*Task details*:
The answer must repeat every record exactly, with all pictures omitted.

START Data listing

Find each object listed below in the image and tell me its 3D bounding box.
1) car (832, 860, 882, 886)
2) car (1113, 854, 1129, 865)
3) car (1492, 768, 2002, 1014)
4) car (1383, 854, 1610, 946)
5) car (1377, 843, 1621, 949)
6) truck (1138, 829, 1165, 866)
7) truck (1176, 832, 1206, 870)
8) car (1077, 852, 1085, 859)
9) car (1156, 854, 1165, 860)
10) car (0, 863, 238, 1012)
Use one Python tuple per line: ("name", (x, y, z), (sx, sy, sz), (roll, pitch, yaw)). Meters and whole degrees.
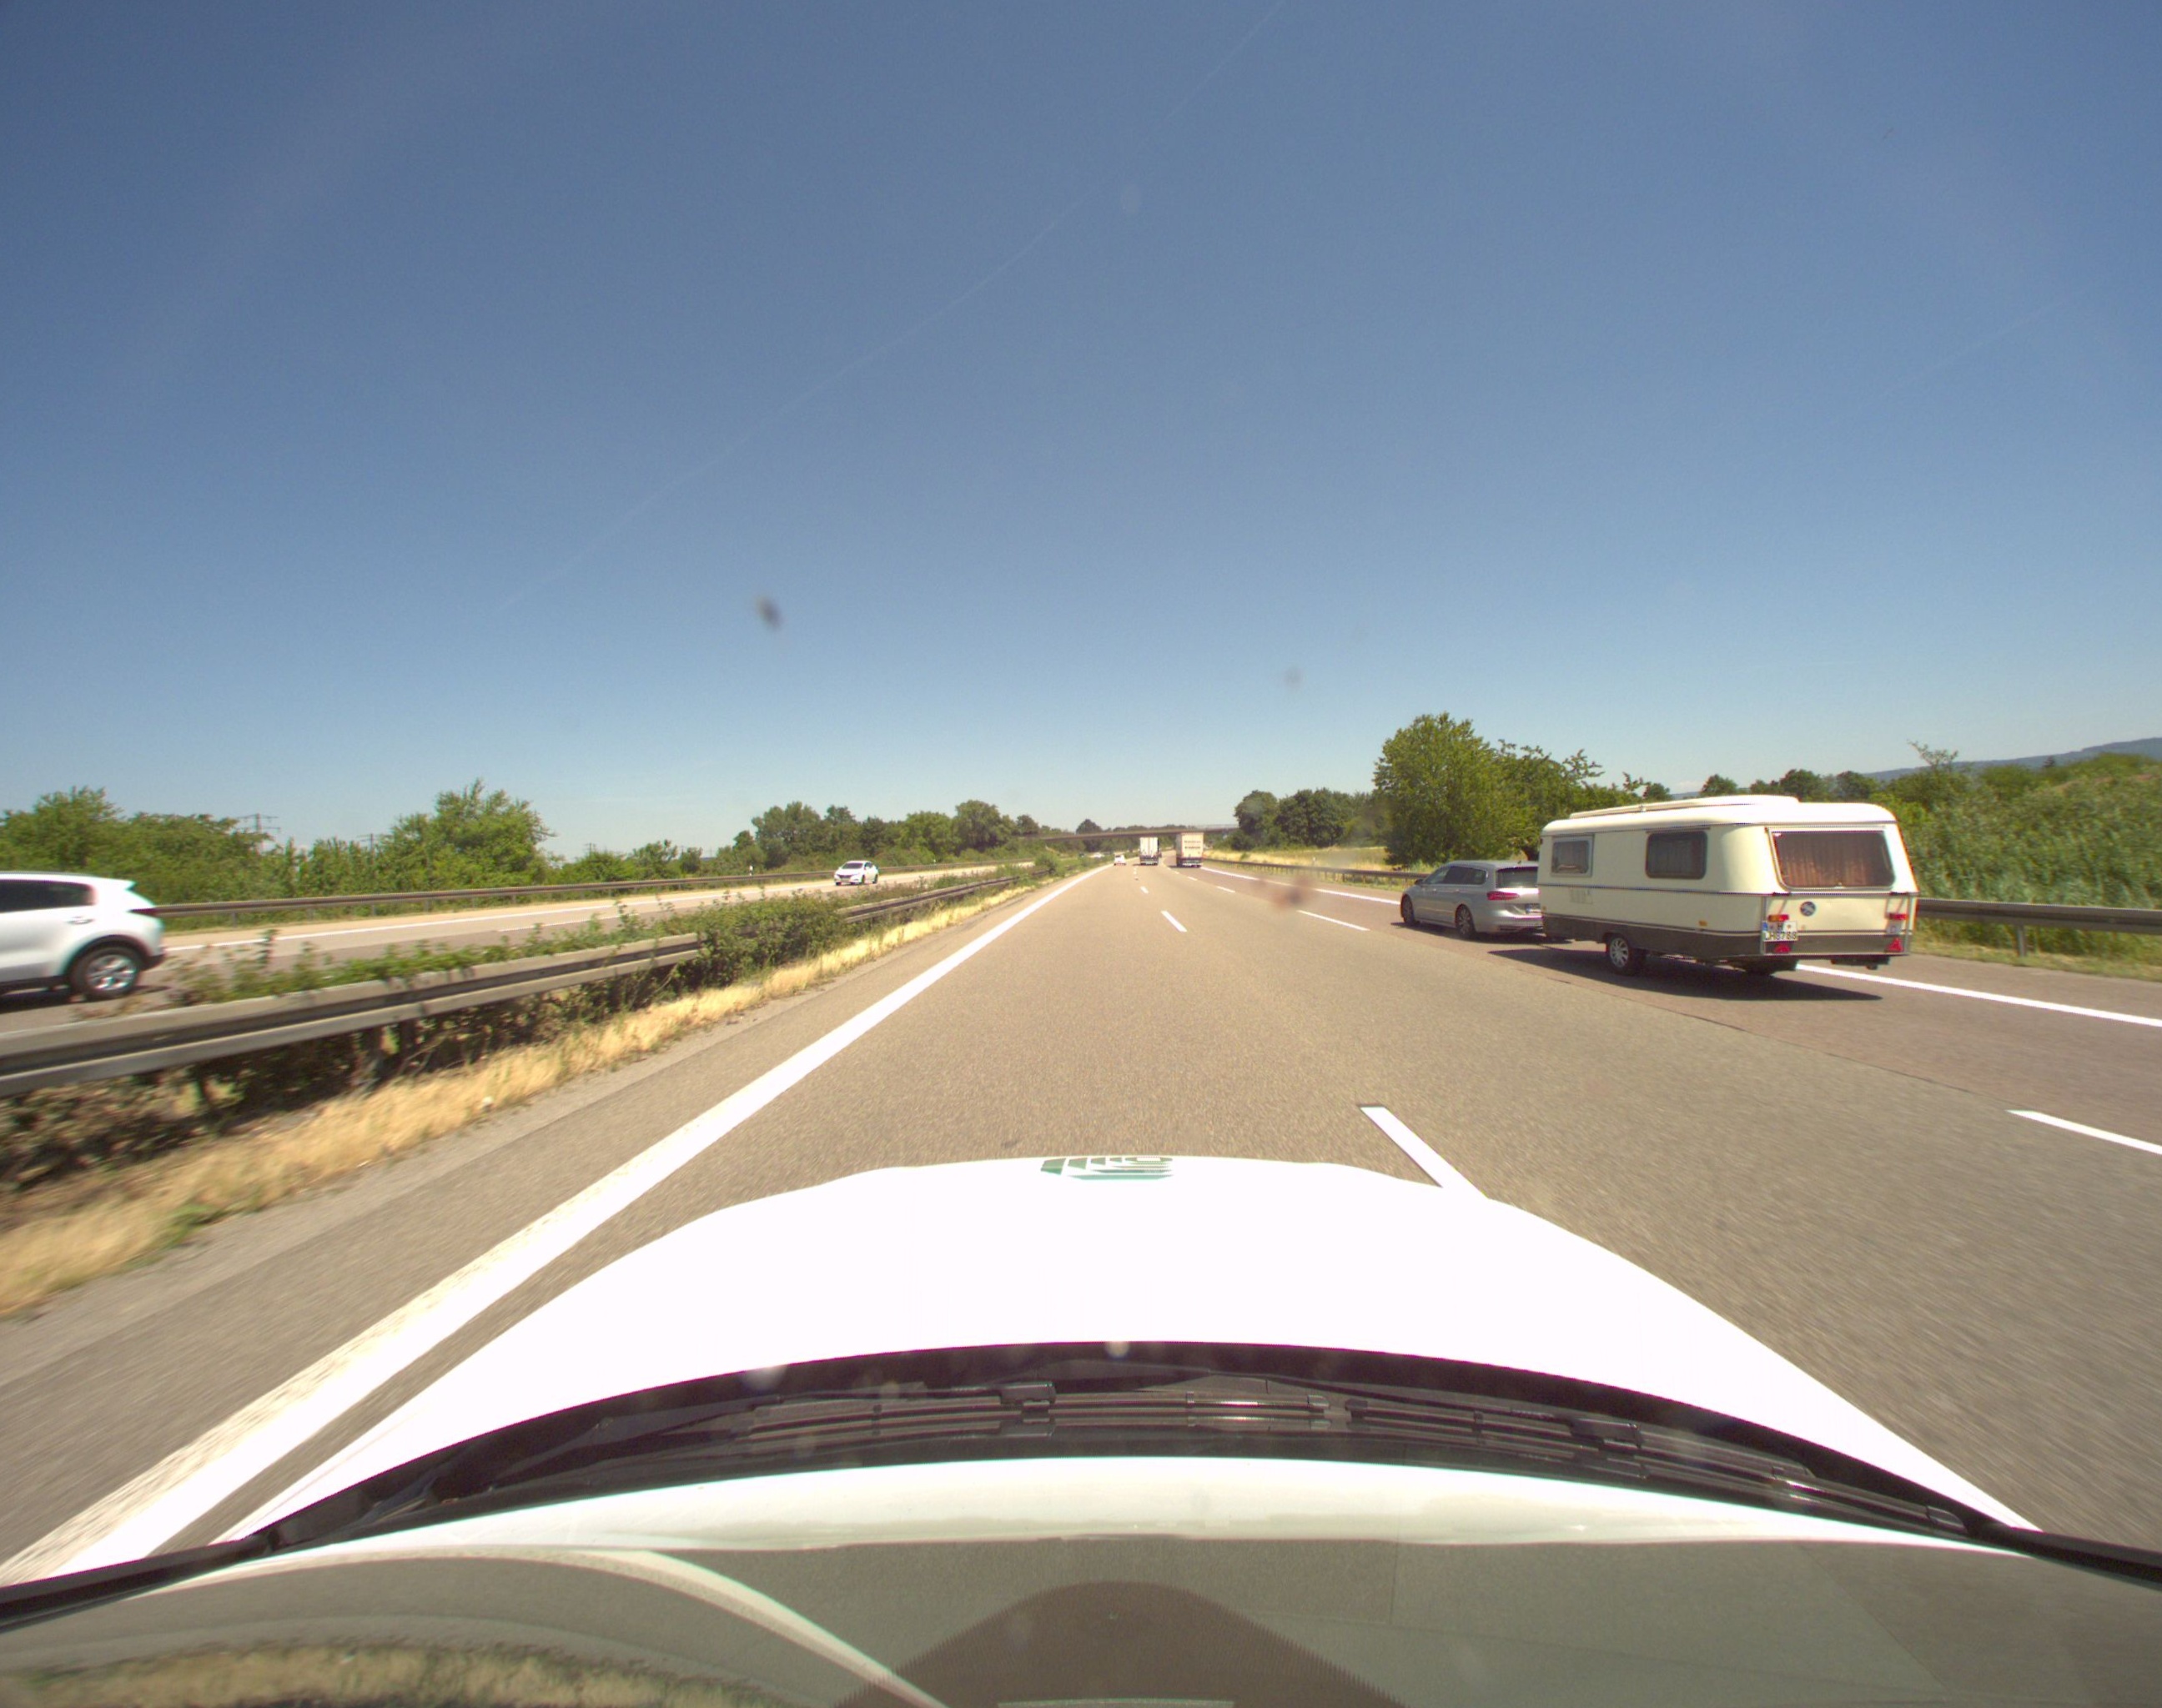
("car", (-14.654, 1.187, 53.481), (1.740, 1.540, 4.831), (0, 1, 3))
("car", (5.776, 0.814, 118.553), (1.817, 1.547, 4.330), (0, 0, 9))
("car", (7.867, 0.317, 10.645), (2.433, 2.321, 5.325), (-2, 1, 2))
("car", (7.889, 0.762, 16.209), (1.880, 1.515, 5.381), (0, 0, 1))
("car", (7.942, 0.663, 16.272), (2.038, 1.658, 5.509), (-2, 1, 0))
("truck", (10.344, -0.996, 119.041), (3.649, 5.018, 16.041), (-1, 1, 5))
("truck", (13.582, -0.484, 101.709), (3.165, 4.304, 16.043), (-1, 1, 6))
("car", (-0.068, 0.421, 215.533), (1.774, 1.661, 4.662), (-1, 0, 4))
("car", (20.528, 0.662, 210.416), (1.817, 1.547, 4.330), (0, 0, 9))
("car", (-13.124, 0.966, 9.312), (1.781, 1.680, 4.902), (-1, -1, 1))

END Data listing

*Exercise answer*:
Find each object listed below in the image and tell me its 3D bounding box.
1) car (832, 860, 882, 886)
2) car (1113, 854, 1129, 865)
3) car (1492, 768, 2002, 1014)
4) car (1383, 854, 1610, 946)
5) car (1377, 843, 1621, 949)
6) truck (1138, 829, 1165, 866)
7) truck (1176, 832, 1206, 870)
8) car (1077, 852, 1085, 859)
9) car (1156, 854, 1165, 860)
10) car (0, 863, 238, 1012)
Use one Python tuple per line: ("name", (x, y, z), (sx, sy, sz), (roll, pitch, yaw)). Meters and whole degrees.
("car", (-14.654, 1.187, 53.481), (1.740, 1.540, 4.831), (0, 1, 3))
("car", (5.776, 0.814, 118.553), (1.817, 1.547, 4.330), (0, 0, 9))
("car", (7.867, 0.317, 10.645), (2.433, 2.321, 5.325), (-2, 1, 2))
("car", (7.889, 0.762, 16.209), (1.880, 1.515, 5.381), (0, 0, 1))
("car", (7.942, 0.663, 16.272), (2.038, 1.658, 5.509), (-2, 1, 0))
("truck", (10.344, -0.996, 119.041), (3.649, 5.018, 16.041), (-1, 1, 5))
("truck", (13.582, -0.484, 101.709), (3.165, 4.304, 16.043), (-1, 1, 6))
("car", (-0.068, 0.421, 215.533), (1.774, 1.661, 4.662), (-1, 0, 4))
("car", (20.528, 0.662, 210.416), (1.817, 1.547, 4.330), (0, 0, 9))
("car", (-13.124, 0.966, 9.312), (1.781, 1.680, 4.902), (-1, -1, 1))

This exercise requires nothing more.